_Supplied material:_
+-------+
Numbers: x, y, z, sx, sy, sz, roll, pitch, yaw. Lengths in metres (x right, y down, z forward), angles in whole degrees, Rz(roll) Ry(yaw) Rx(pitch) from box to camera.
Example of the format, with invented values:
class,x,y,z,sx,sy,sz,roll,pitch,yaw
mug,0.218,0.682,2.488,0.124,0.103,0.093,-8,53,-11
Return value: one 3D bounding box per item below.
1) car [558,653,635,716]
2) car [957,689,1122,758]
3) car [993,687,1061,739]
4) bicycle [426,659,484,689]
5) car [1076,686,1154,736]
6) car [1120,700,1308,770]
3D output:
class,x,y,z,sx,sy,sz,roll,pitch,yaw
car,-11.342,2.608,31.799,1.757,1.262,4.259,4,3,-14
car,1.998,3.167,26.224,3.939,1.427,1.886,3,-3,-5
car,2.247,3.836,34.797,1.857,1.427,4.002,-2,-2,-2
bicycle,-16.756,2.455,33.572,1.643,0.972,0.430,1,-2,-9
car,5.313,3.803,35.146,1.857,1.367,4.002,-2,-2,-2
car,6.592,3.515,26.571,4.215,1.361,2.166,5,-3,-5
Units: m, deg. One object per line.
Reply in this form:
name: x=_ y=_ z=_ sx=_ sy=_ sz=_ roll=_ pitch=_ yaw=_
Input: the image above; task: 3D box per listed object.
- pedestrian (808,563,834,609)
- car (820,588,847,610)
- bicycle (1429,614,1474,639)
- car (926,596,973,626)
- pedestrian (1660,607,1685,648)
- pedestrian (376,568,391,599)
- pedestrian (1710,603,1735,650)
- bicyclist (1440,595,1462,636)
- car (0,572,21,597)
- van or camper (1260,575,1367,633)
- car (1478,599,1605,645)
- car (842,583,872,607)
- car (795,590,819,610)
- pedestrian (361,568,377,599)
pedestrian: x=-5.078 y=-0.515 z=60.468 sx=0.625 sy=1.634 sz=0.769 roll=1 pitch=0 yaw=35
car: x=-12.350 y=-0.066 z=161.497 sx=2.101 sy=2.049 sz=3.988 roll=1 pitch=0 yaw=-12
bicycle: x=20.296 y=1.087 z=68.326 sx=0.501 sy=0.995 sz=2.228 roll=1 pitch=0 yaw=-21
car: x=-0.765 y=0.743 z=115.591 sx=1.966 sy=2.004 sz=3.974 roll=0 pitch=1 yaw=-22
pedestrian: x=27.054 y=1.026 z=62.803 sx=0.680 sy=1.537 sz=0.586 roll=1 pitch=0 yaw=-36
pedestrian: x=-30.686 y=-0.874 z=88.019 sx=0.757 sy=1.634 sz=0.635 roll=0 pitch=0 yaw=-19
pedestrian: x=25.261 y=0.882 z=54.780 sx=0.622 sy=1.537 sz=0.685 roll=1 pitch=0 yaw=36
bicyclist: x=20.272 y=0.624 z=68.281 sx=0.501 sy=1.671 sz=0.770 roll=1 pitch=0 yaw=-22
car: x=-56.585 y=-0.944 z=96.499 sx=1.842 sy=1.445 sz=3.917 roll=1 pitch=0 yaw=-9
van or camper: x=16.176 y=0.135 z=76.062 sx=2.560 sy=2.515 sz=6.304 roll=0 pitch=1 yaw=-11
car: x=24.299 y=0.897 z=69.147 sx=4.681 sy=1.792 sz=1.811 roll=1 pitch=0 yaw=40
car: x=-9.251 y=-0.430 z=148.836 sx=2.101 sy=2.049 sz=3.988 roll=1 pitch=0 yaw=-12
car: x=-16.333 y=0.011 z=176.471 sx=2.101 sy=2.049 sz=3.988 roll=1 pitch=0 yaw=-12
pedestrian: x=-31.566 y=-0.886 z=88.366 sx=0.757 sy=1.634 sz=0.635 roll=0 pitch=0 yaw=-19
+-------+
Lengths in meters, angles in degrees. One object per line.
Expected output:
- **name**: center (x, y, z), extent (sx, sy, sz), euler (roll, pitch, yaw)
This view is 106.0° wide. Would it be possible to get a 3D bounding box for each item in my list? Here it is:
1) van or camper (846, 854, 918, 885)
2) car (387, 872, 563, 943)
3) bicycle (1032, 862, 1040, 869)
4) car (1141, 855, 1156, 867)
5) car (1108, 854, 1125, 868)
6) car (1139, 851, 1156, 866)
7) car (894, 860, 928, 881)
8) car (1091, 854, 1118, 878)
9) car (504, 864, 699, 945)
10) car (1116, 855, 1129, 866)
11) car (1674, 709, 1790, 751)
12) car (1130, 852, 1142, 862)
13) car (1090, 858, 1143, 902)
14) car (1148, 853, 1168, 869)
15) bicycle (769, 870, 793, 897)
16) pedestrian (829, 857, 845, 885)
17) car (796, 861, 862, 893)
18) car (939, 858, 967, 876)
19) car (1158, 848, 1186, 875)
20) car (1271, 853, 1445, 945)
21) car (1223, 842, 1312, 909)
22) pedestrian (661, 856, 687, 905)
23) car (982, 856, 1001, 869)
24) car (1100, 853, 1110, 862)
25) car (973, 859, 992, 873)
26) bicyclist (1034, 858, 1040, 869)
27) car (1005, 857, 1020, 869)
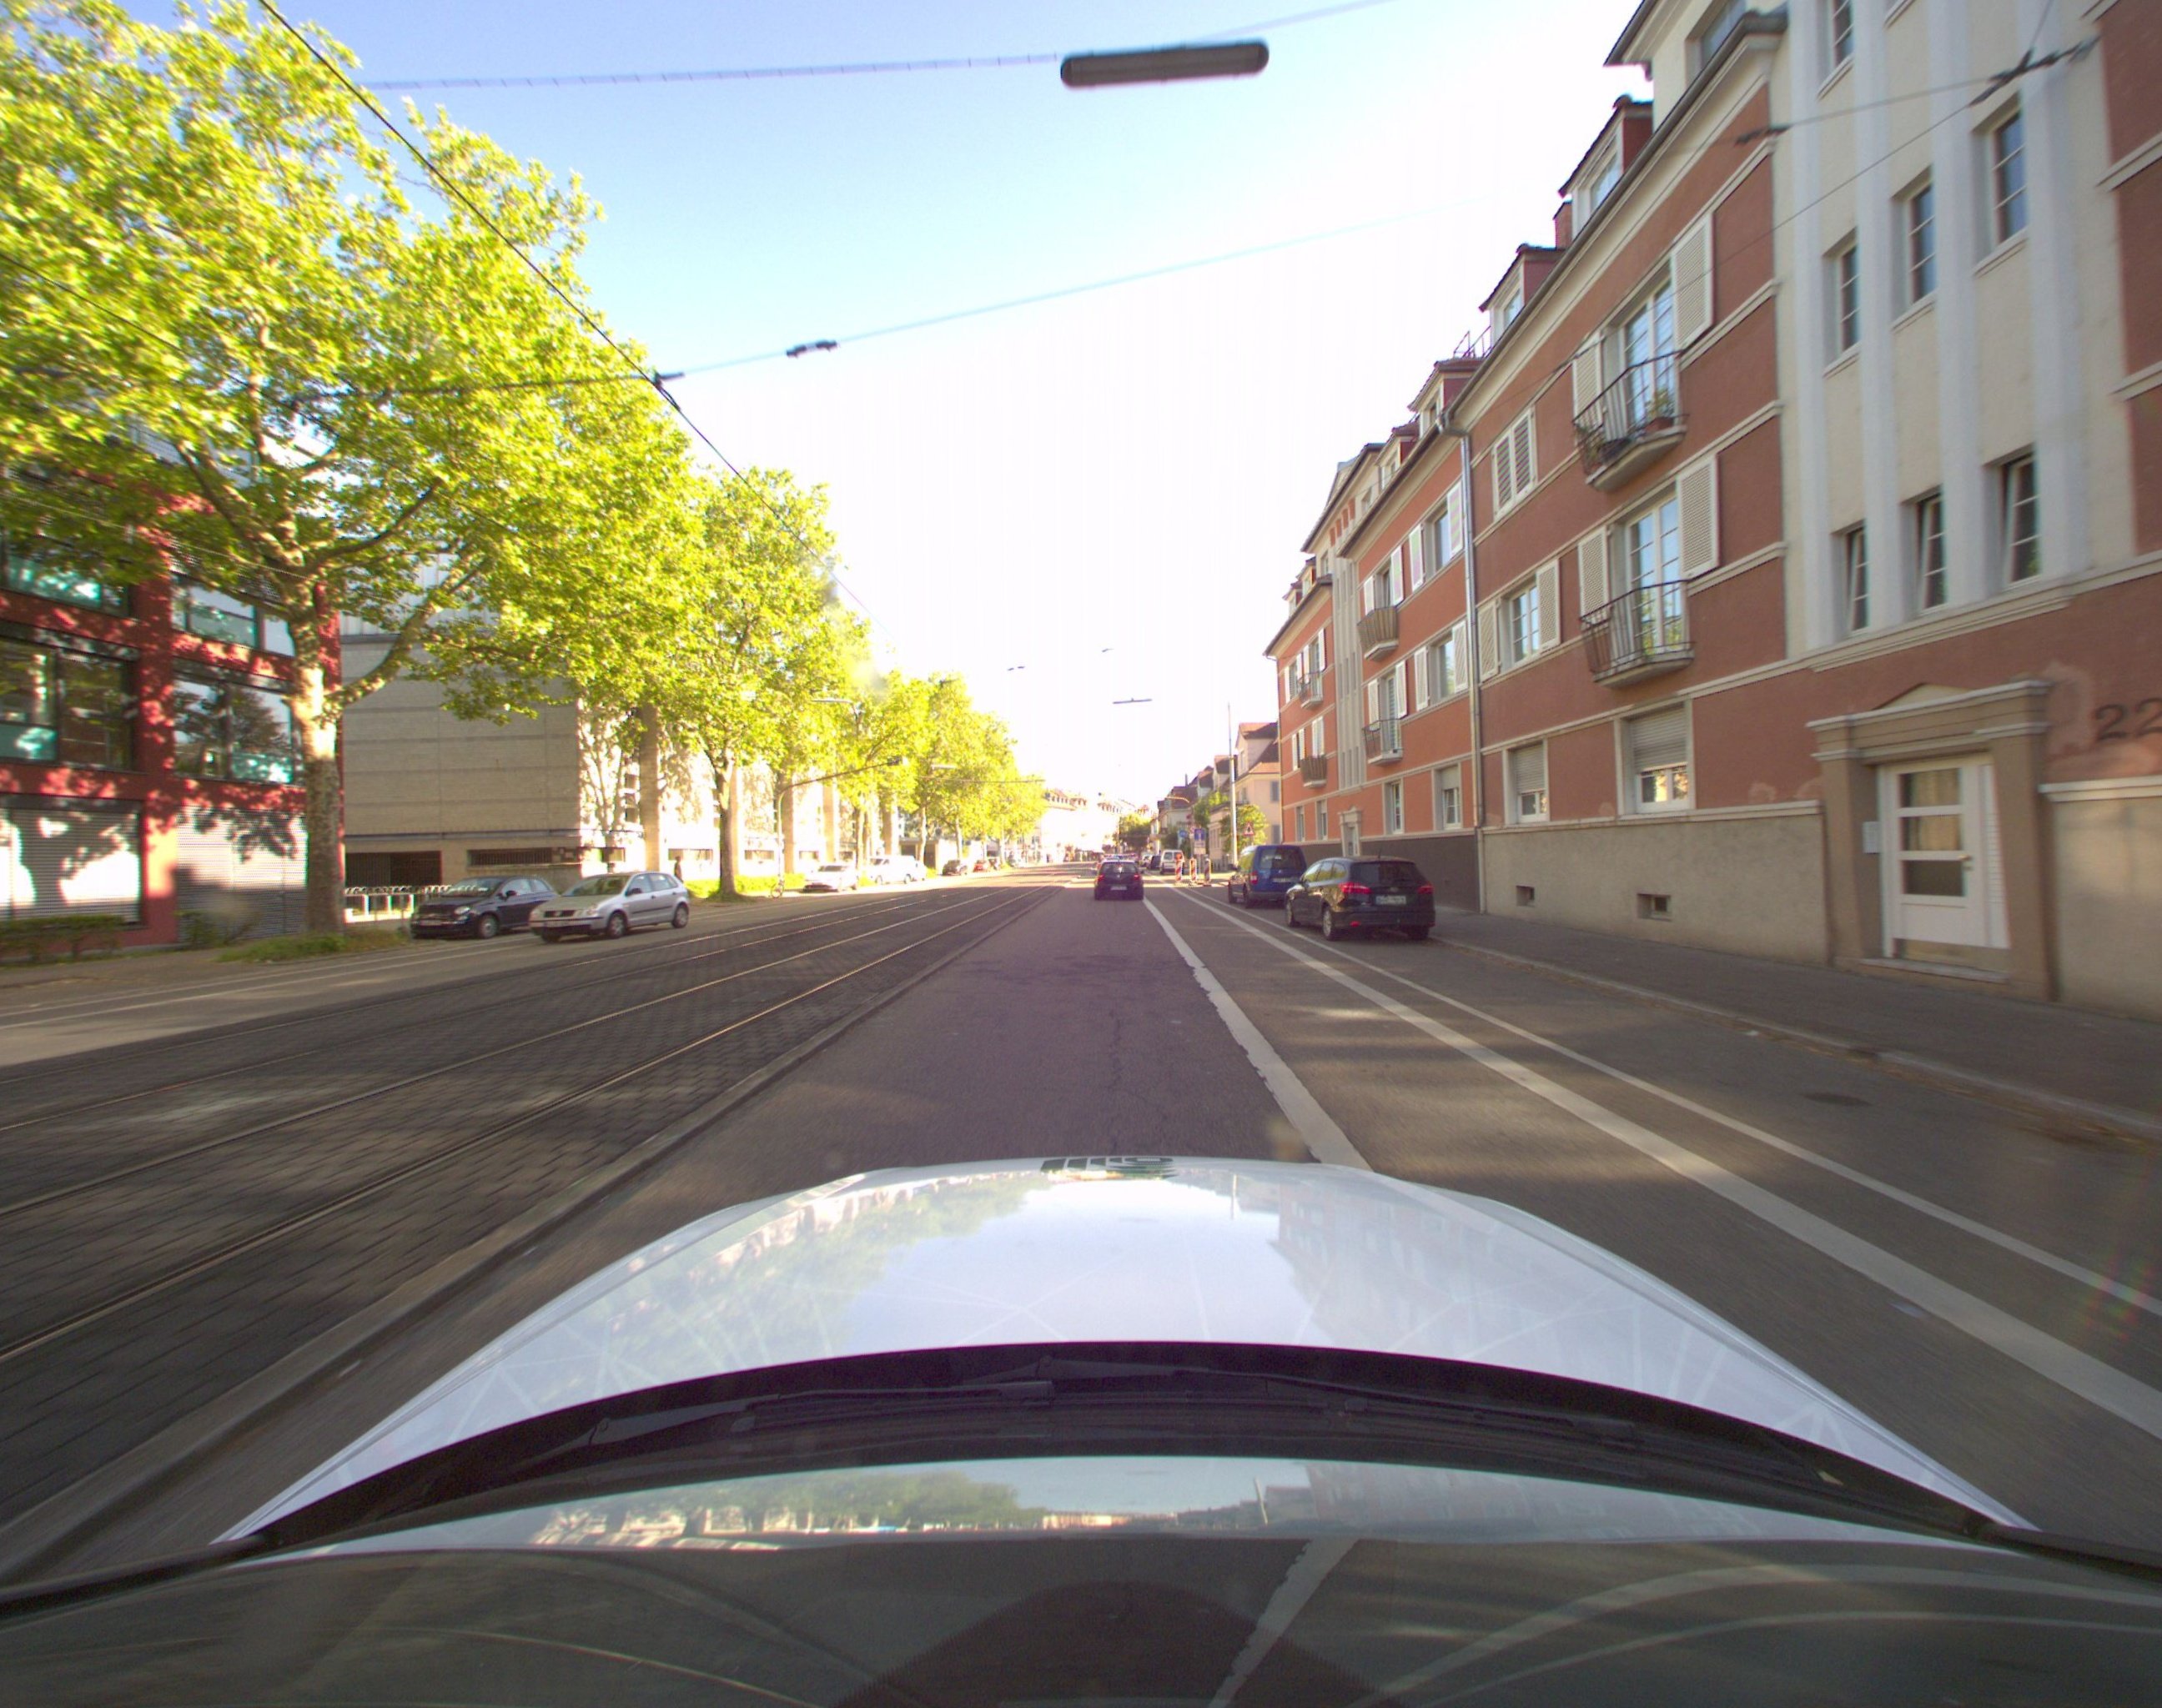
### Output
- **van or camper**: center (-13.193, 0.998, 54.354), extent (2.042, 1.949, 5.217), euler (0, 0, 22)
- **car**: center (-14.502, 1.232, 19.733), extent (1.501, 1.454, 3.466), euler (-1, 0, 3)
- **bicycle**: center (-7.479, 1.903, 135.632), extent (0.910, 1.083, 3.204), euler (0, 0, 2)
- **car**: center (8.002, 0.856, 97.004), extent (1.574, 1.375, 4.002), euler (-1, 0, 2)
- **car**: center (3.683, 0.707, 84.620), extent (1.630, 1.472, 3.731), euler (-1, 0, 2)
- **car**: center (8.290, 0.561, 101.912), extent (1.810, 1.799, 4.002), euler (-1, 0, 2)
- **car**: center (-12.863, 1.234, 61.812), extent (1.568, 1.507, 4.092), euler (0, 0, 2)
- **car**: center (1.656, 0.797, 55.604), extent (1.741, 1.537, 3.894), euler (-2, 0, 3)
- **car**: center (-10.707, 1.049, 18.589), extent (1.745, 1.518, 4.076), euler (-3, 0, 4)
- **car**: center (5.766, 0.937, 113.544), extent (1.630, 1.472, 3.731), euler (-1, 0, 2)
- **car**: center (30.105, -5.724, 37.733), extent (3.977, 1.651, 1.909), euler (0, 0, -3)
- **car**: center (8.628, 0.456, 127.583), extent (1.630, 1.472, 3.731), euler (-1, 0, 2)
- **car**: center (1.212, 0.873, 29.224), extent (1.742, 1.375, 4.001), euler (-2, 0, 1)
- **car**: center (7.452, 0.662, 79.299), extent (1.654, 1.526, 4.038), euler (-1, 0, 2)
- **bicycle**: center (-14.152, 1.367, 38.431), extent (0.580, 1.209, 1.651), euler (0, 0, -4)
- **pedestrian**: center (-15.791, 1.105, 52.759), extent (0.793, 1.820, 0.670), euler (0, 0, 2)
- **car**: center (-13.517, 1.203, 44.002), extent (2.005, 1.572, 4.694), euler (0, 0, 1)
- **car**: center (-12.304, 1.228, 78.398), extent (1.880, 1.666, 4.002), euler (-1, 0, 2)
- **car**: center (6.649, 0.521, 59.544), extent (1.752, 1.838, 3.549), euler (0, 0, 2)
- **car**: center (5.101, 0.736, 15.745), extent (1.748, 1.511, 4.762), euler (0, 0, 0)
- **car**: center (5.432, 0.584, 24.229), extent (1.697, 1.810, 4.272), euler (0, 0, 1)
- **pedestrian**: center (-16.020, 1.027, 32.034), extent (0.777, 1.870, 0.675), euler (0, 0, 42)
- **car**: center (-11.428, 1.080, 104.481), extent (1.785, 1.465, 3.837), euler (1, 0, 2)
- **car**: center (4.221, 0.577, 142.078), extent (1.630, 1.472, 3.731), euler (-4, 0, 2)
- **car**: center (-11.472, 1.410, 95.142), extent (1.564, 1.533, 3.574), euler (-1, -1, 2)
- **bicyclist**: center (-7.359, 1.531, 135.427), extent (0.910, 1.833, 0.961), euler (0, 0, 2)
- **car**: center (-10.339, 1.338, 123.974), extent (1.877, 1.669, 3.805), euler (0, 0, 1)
+-------+
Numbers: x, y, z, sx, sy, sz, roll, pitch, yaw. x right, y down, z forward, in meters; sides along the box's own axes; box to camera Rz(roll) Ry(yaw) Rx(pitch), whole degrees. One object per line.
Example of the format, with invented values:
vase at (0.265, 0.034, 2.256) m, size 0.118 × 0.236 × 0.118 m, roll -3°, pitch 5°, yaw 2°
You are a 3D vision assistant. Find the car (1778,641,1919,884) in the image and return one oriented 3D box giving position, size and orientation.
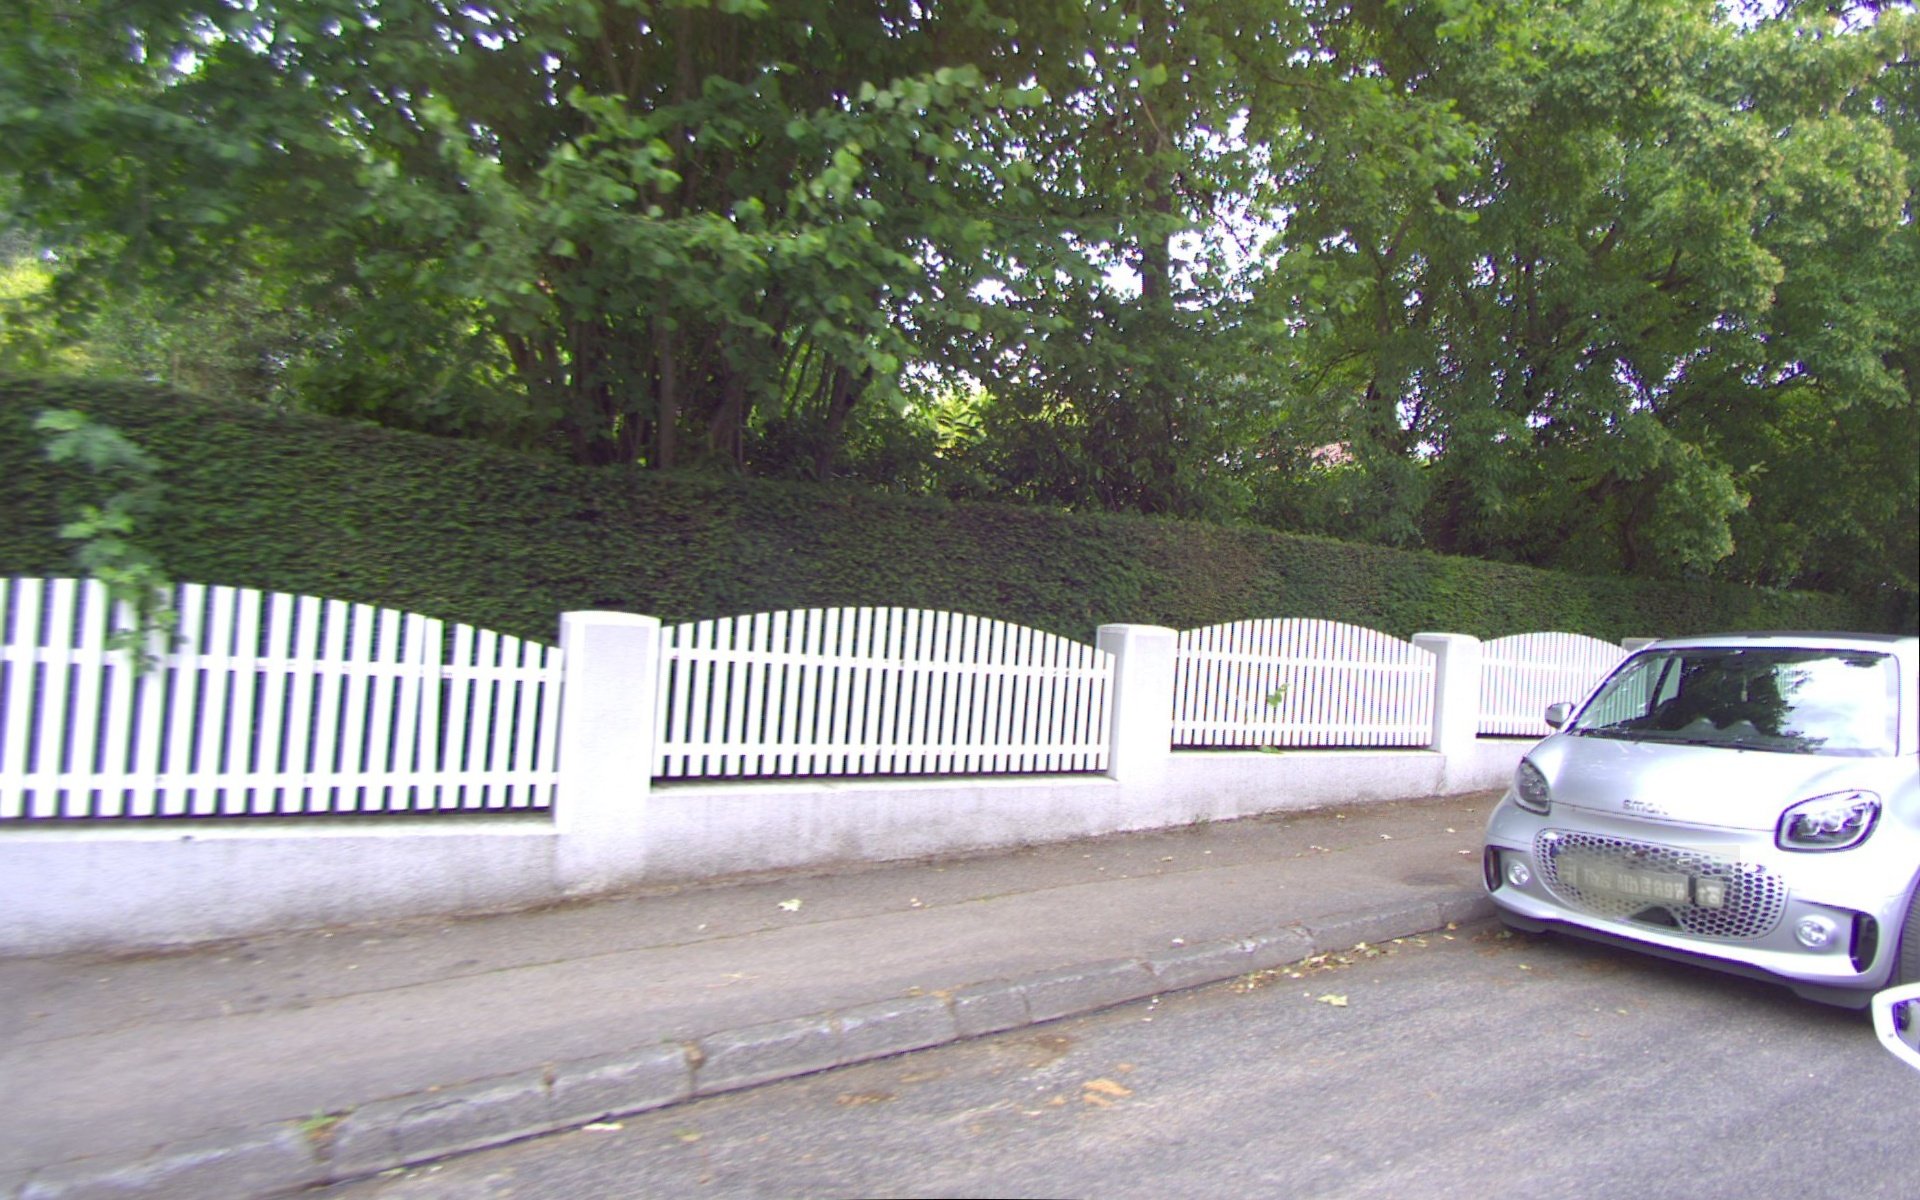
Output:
+-------+
_Task instructions:_ In the material above, find the lines that contain "forward" and show them.

_Finished task:_
Numbers: x, y, z, sx, sy, sz, roll, pitch, yaw. Lengths in metres (x right, y down, z forward), angles in whole degrees, Rz(roll) Ry(yaw) Rx(pitch) from box to camera.
Numbers: x, y, z, sx, sy, sz, roll, pitch, yaw. x right, y down, z forward, in meters; sides along the box's own axes; box to camera Rz(roll) Ry(yaw) Rx(pitch), whole degrees. One object per line.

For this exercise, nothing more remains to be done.